Records drawn from a dataset
• • • •

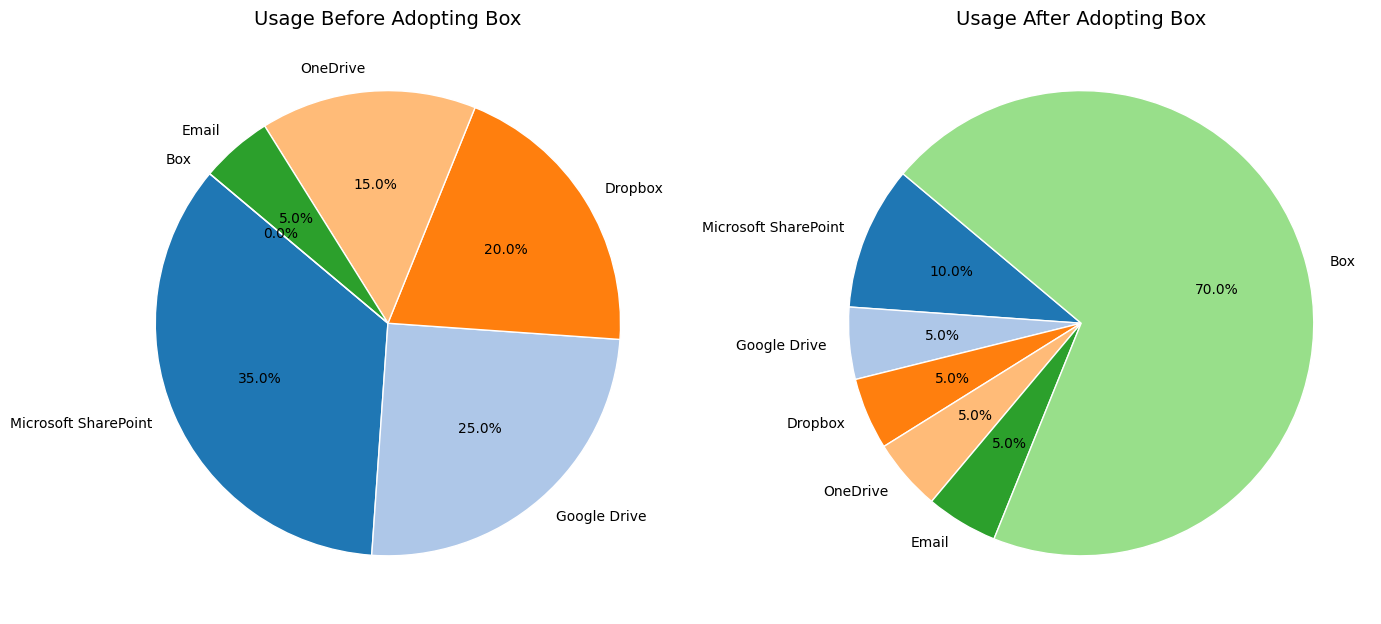Which tool had the highest usage before adopting Box? The pie chart on the left shows the usage of each tool before adopting Box. Microsoft SharePoint has the largest slice of the pie, indicating it had the highest usage.
Answer: Microsoft SharePoint Which tool had the highest increase in usage after adopting Box? Compare the two pie charts, focusing on the difference in usage percentages. Box went from 0% to 70%, which is the largest increase among all tools mentioned.
Answer: Box What is the combined usage percentage of OneDrive and Email after adopting Box? Sum the slices for OneDrive and Email in the "After" pie chart. Both OneDrive and Email have usage percentages of 5% each. The combined usage is 5% + 5% = 10%.
Answer: 10% How did the usage of Google Drive change after adopting Box? Compare the percentage of Google Drive in the "Before" and "After" pie charts. Before adopting Box, Google Drive had 25% usage, and after adopting Box, it went down to 5%. This is a decrease of 20%.
Answer: Decreased by 20% Which tool had the largest decrease in usage after adopting Box? By comparing both pie charts, Microsoft SharePoint decreased from 35% to 10%, resulting in the largest reduction of 25%.
Answer: Microsoft SharePoint What was the total percentage usage of Microsoft SharePoint, Google Drive, and Dropbox before adopting Box? Add the usage percentages of Microsoft SharePoint (35%), Google Drive (25%), and Dropbox (20%) from the "Before" pie chart. The total is 35% + 25% + 20% = 80%.
Answer: 80% What is the difference in usage percentage between Dropbox before and after adopting Box? Compare the usage percentages of Dropbox in the "Before" and "After" charts. Dropbox had 20% usage before and 5% usage after, resulting in a difference of 20% - 5% = 15%.
Answer: 15% How did the usage of OneDrive change after adopting Box? Compare the usage of OneDrive in both pie charts. Before adopting Box, OneDrive usage was 15%, and after adopting Box, it dropped to 5%. This is a decrease of 10%.
Answer: Decreased by 10% Which tools were equally used after adopting Box? Look at the "After" pie chart and identify the tools with equal slices. Google Drive, Dropbox, OneDrive, and Email each have a 5% usage rate.
Answer: Google Drive, Dropbox, OneDrive, and Email 
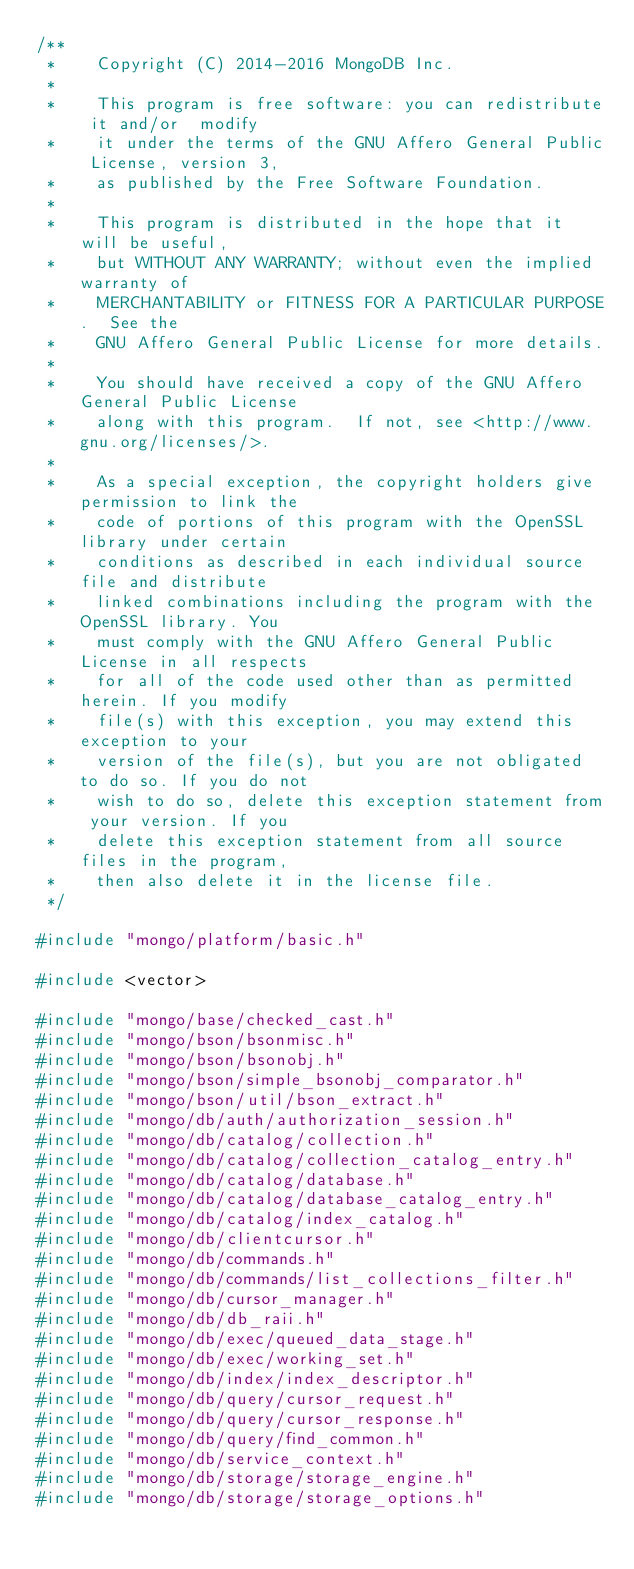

• • • •

### Task goal
Could you transcribe all of the data exactly and omit the pictures?

### Response below
Which tool had the highest usage before adopting Box? The pie chart on the left shows the usage of each tool before adopting Box. Microsoft SharePoint has the largest slice of the pie, indicating it had the highest usage.
Answer: Microsoft SharePoint Which tool had the highest increase in usage after adopting Box? Compare the two pie charts, focusing on the difference in usage percentages. Box went from 0% to 70%, which is the largest increase among all tools mentioned.
Answer: Box What is the combined usage percentage of OneDrive and Email after adopting Box? Sum the slices for OneDrive and Email in the "After" pie chart. Both OneDrive and Email have usage percentages of 5% each. The combined usage is 5% + 5% = 10%.
Answer: 10% How did the usage of Google Drive change after adopting Box? Compare the percentage of Google Drive in the "Before" and "After" pie charts. Before adopting Box, Google Drive had 25% usage, and after adopting Box, it went down to 5%. This is a decrease of 20%.
Answer: Decreased by 20% Which tool had the largest decrease in usage after adopting Box? By comparing both pie charts, Microsoft SharePoint decreased from 35% to 10%, resulting in the largest reduction of 25%.
Answer: Microsoft SharePoint What was the total percentage usage of Microsoft SharePoint, Google Drive, and Dropbox before adopting Box? Add the usage percentages of Microsoft SharePoint (35%), Google Drive (25%), and Dropbox (20%) from the "Before" pie chart. The total is 35% + 25% + 20% = 80%.
Answer: 80% What is the difference in usage percentage between Dropbox before and after adopting Box? Compare the usage percentages of Dropbox in the "Before" and "After" charts. Dropbox had 20% usage before and 5% usage after, resulting in a difference of 20% - 5% = 15%.
Answer: 15% How did the usage of OneDrive change after adopting Box? Compare the usage of OneDrive in both pie charts. Before adopting Box, OneDrive usage was 15%, and after adopting Box, it dropped to 5%. This is a decrease of 10%.
Answer: Decreased by 10% Which tools were equally used after adopting Box? Look at the "After" pie chart and identify the tools with equal slices. Google Drive, Dropbox, OneDrive, and Email each have a 5% usage rate.
Answer: Google Drive, Dropbox, OneDrive, and Email 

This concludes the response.